Work to complete => Nothing but the text of the records belongs in your answer: repeat all of it exactly and leave out the images.

┄┄┄┄┄┄┄┄┄┄

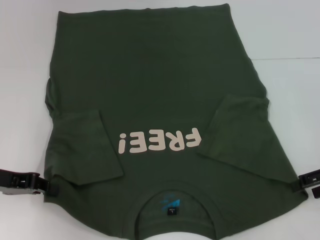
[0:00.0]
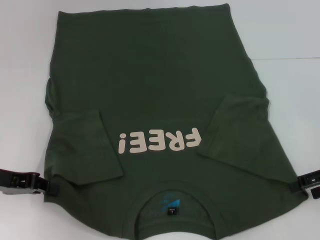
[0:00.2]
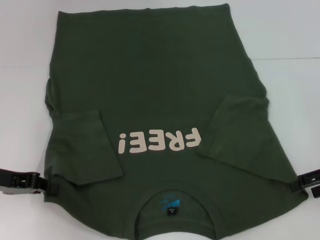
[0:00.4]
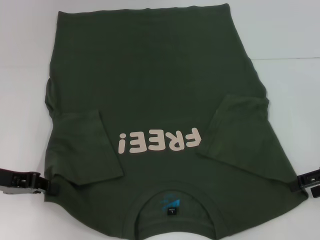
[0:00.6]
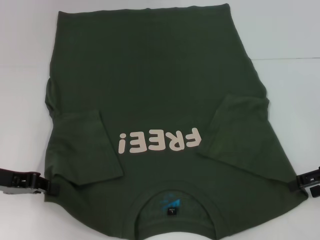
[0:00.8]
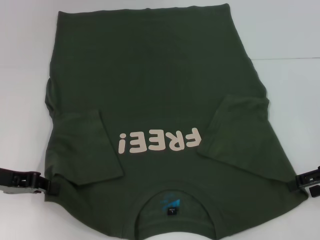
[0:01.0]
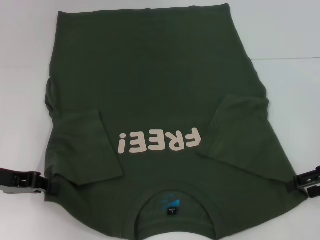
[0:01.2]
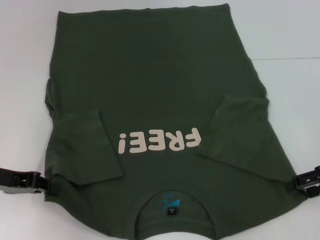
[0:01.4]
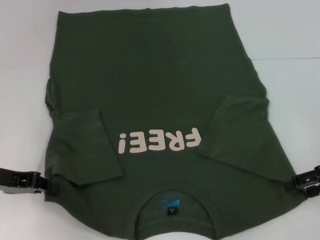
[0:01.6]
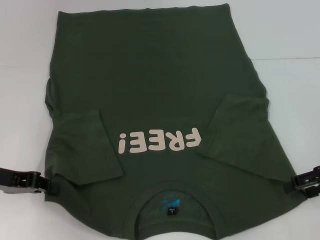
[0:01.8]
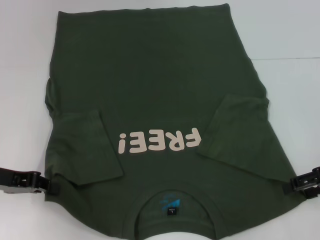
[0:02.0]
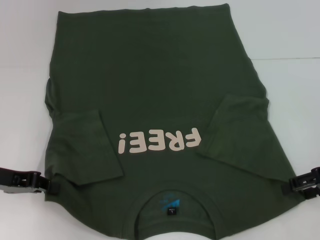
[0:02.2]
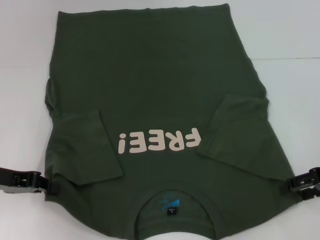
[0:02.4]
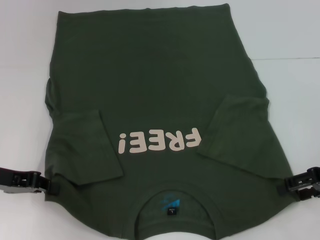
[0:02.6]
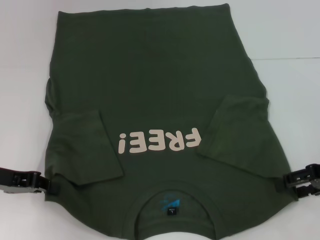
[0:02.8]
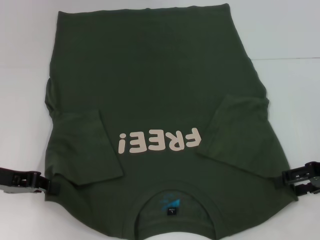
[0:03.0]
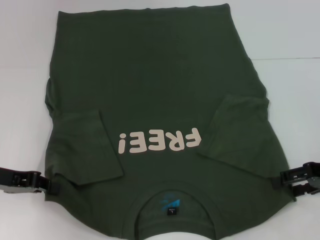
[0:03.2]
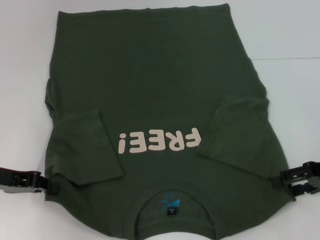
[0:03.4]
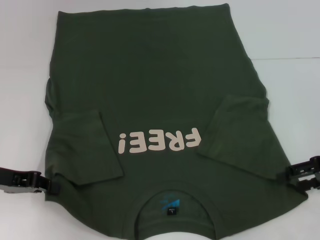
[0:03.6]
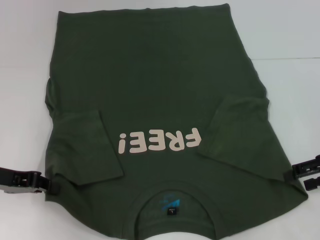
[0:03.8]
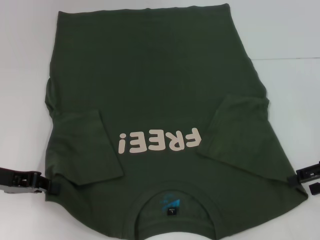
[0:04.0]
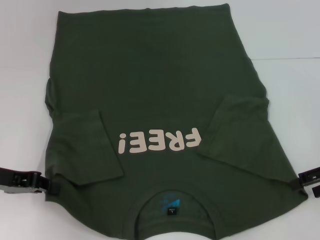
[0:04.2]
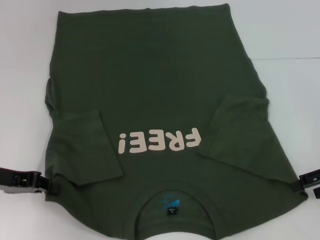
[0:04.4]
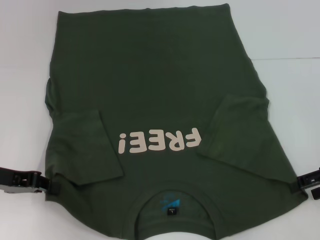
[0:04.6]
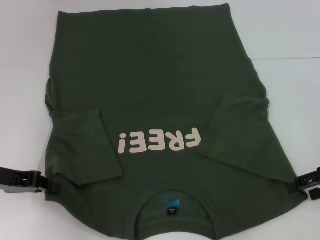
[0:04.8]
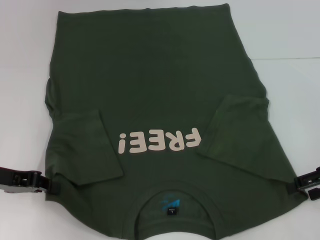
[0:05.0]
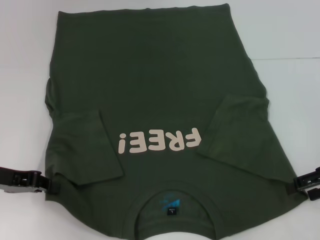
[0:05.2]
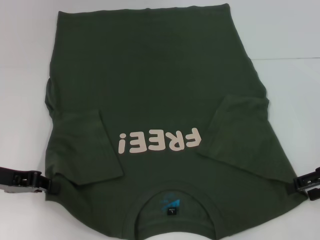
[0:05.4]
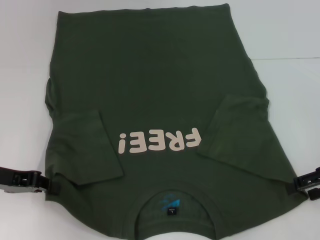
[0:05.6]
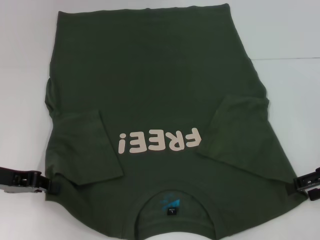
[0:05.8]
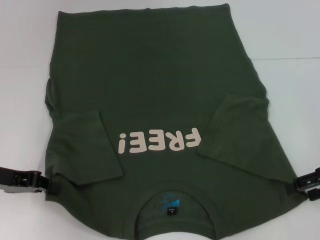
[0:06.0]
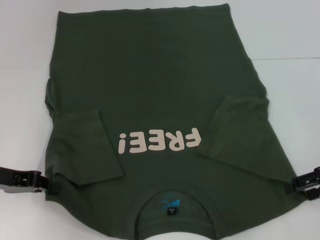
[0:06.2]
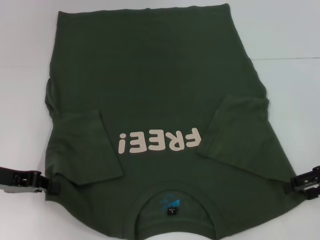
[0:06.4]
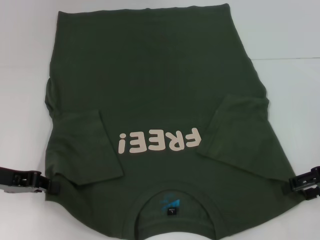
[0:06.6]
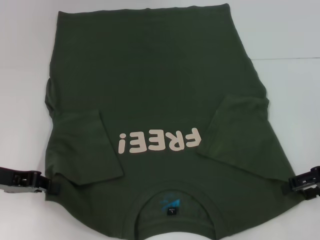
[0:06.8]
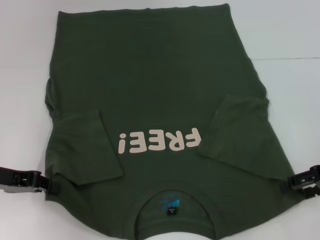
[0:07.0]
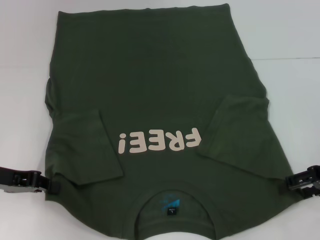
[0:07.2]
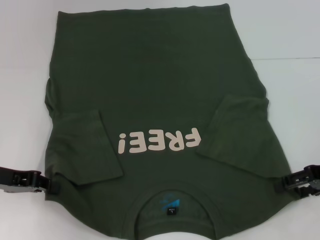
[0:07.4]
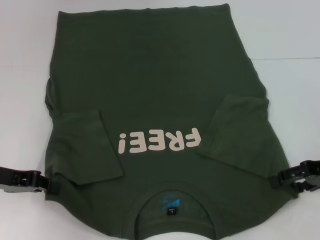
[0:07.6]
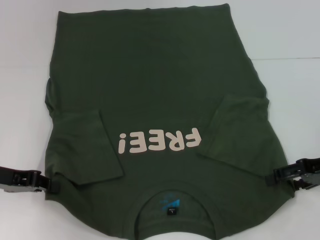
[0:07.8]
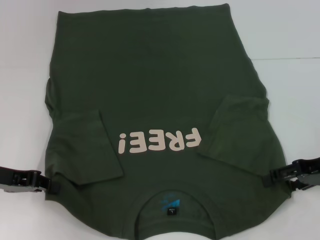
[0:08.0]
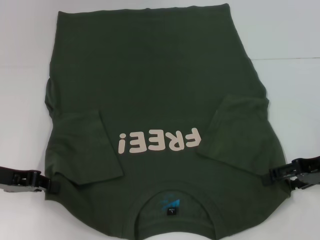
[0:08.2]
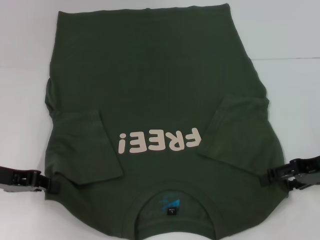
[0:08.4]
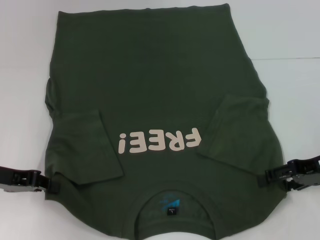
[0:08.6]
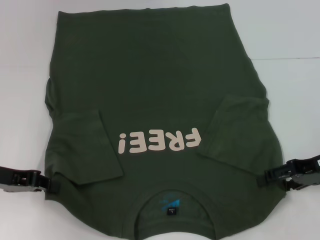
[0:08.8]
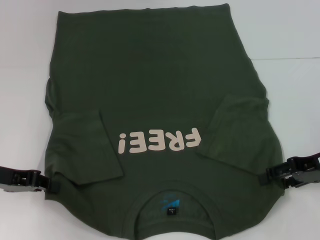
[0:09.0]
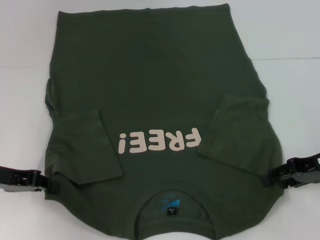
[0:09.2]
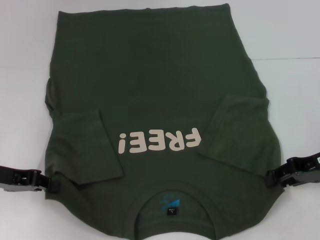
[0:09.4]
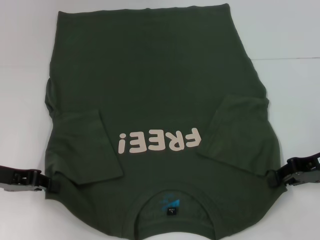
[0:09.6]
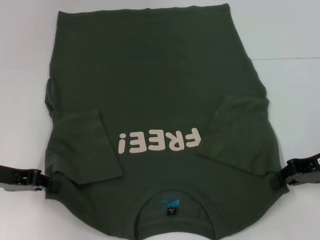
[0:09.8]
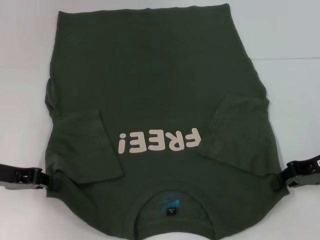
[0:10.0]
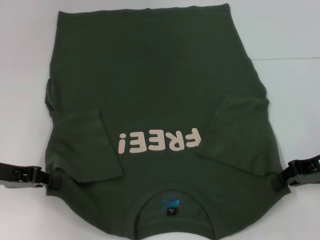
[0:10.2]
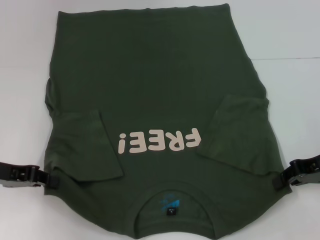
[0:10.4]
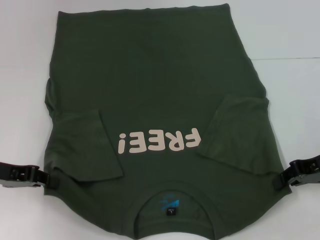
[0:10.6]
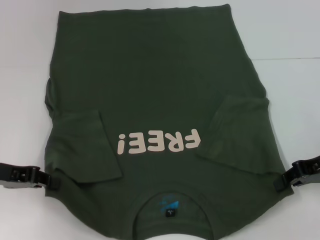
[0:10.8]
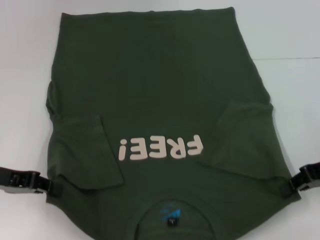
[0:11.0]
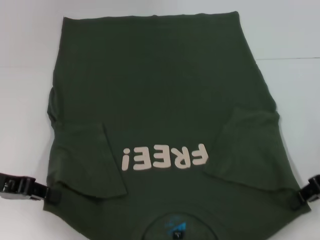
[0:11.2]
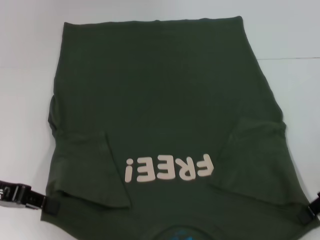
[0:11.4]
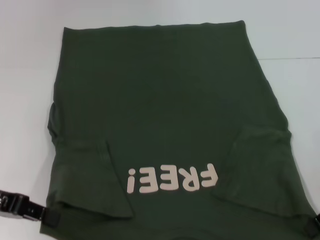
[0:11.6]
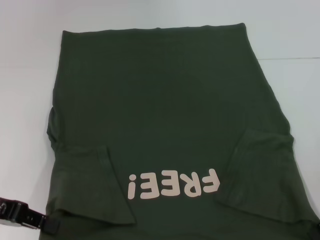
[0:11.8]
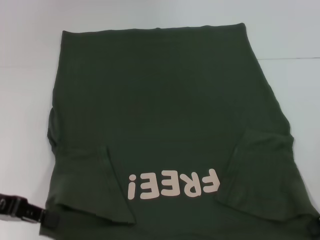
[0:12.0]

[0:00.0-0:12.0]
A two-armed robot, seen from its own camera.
Step, 0:00.0 to 0:09.6: Grab the bottom right corner with your right hand.
0:00.0 to 0:01.6: Neither gripper changes place.
0:01.6 to 0:04.4: The grippers make only small movements.
0:04.4 to 0:06.0: Neither gripper changes place.
0:06.0 to 0:09.0: The grippers move only a little.
0:09.0 to 0:10.4: The right gripper closes.
0:10.4 to 0:12.0: The right gripper ends up roughly 5 cm from where it was.

┄┄┄┄┄┄┄┄┄┄

Response to the exercise =>
[0:00.0]
[0:00.2]
[0:00.4]
[0:00.6]
[0:00.8]
[0:01.0]
[0:01.2]
[0:01.4]
[0:01.6]
[0:01.8]
[0:02.0]
[0:02.2]
[0:02.4]
[0:02.6]
[0:02.8]
[0:03.0]
[0:03.2]
[0:03.4]
[0:03.6]
[0:03.8]
[0:04.0]
[0:04.2]
[0:04.4]
[0:04.6]
[0:04.8]
[0:05.0]
[0:05.2]
[0:05.4]
[0:05.6]
[0:05.8]
[0:06.0]
[0:06.2]
[0:06.4]
[0:06.6]
[0:06.8]
[0:07.0]
[0:07.2]
[0:07.4]
[0:07.6]
[0:07.8]
[0:08.0]
[0:08.2]
[0:08.4]
[0:08.6]
[0:08.8]
[0:09.0]
[0:09.2]
[0:09.4]
[0:09.6]
[0:09.8]
[0:10.0]
[0:10.2]
[0:10.4]
[0:10.6]
[0:10.8]
[0:11.0]
[0:11.2]
[0:11.4]
[0:11.6]
[0:11.8]
[0:12.0]

[0:00.0-0:12.0]
A two-armed robot, seen from its own camera.
Step, 0:00.0 to 0:09.6: Grab the bottom right corner with your right hand.
0:00.0 to 0:01.6: Neither gripper changes place.
0:01.6 to 0:04.4: The grippers make only small movements.
0:04.4 to 0:06.0: Neither gripper changes place.
0:06.0 to 0:09.0: The grippers move only a little.
0:09.0 to 0:10.4: The right gripper closes.
0:10.4 to 0:12.0: The right gripper ends up roughly 5 cm from where it was.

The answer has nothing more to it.